Once more, there are grim reports that the British high street is dying. It’s time for people like me to make it clear how much we care. To become alarmed and talk urgently, nostalgically, of bustling streets, crucibles of commerce, the pumping arteries of local communities.
And more. The lost art of live shopping. Ringing tills, rustling bags. The magic and theatre of it all. But then we move on, the sentimental mists clear, the community-spirited sap stops rising. And next time we need to buy something, without much thought, we go online and we order it.
My name is Barbara, and I’m a high street hypocrite. I’m prone to misty-eyed blather about our wonderful high streets (yak, yak) and what a tragedy it would be to lose them (blah, blah). Next thing you know, I’m on the Amazon site, ordering a multiplug, when there’s a perfectly good branch of Robert Dyas down the road.
Nor am I alone (British online shopping has risen faster than anywhere else in Europe). I’ve become so idle, so reliant on deliveries, that going into real shops has started to feel unnatural. Too bright, too loud, too many colours.
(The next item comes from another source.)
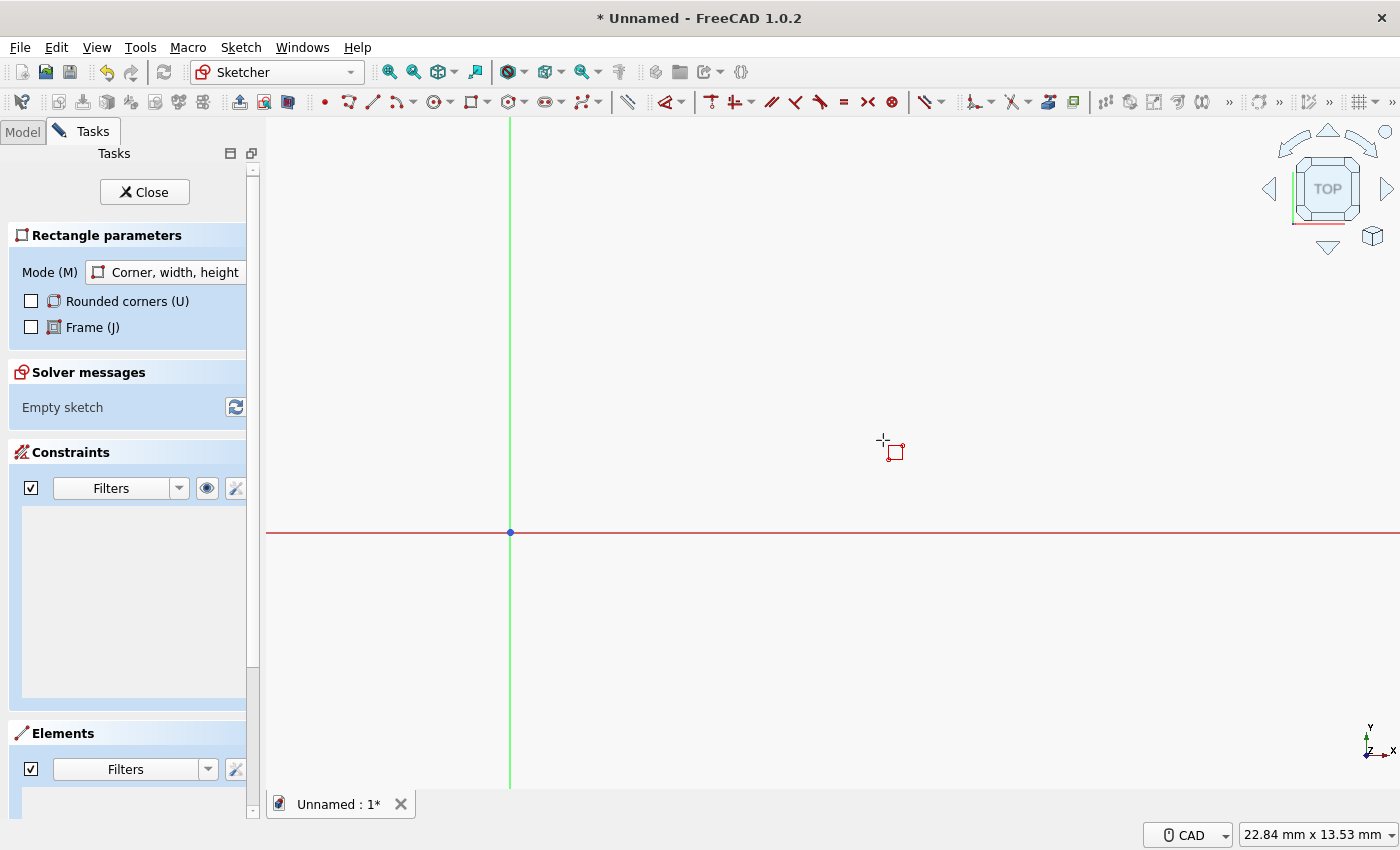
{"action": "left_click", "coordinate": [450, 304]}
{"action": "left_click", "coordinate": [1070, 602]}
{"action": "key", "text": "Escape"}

Sensory overload. Brain can’t cope. Help!
I’m exaggerating: I haven’t had panic attacks sniffing bath bombs in Lush. Still, with people like me, the gulf (consumer dissonance?) between our crocodile tears and our actions is striking. What’s the point of moaning about the death of the British high street, when we’ve all conspired to “kill” it?
It’s been a tough week for UK retail. Attempts to rescue the Wilko chain failed (with 12,500 potential job losses). John Lewis Partnership’s boss, Sharon White, has called for a royal commission to save high streets. In recent times, there has been social media-inspired looting on London’s Oxford Street. Thousands of shops have gone, as well as post offices and banks. While some high streets are holding up, others aren’t. While some brands have a strong online presence, others don’t. Increasingly, the direst forecasts seem feasible in this jittery climate of darkened stores, boarded-up windows and generalised high street lifelessness.
The myriad reasons are well documented. In more recent times there’s Brexit, Covid, changing work practices, the cost of living crisis making every penny count. Elsewhere, inflated rents and costs, not enough government support, Amazon’s woeful tax contribution, drives to turn retail outlets into housing, no free parking. The list sprawls on. But it includes the public, our mass turning away from the physical retail world. The modern compulsion to buy online, even when prices aren’t much cheaper and it isn’t inconvenient to visit a shop.
A while ago, I witnessed the slow death throes of a neighbourhood department store – it was like watching a giant beast being put to sleep. The local feeling was that when big ships like that sink, they drag everything down with them. The sadness was palpable. It’s not as though people delude themselves that high street shops are human (“Oliver Bonas is my friend”), but the people who work in them are human (where are they destined when high streets fall – for motorway malls or mega-warehouses?). And, for many, high streets are part of being human. The backdrops to our lives.
It may be different for younger generations. It’s probable there hasn’t been the same habit-forming, nostalgia-drenched exposure. No memories of drooling over the Pic ’n’ Mix sweets in Woolworths, or group-huddling around a solitary plate of chips in Wimpy Bars. Last week a survey suggested that Gen Z prefer starting business ventures online to casual (underpaid? insecure?) work on high streets.
Does it matter if high streets change shape, start becoming less about shops and buying things, and more about services and experiences? A brave new world of pop-ups, nail bars, blow-dry stations, vape kiosks, street food, tattoo parlours and yoga studios? My frightened, dusty, change-averse brain could just about cope – though, to loosely quote Missy Elliott, surely there are only so many times you can “get your hair done … get your nails did”? It’s all very well having a hi-concept high street that resembles a groovy open-air festival, but where can I buy some semi-skimmed?
Away from grim socioeconomics, there’s no doubt that important things would be lost from the deaths of high streets: community, tradition, human contact (even if we have our moments of desiring less of all of them). So why are bleeding hearts like me tilting back in our computer-desk chairs and passively letting the Bad Thing happen?
What is it about British people noisily and performatively mourning high streets, but not actively supporting them? In my case, it seems to be an unlovely blend of the aforesaid dissonance, weaponised idleness (seriously, you want me to move?) and a bumper-pack of denial. High streets have always been there. Maybe our brains can’t register that, one day, they’ll simply – pfff!– disappear.
The death of the British high street turns out to be the easiest of whodunnits. Wedunnit, me and you, the lethargic, mouse-clicking hypocritical hordes. Just not entirely on our own.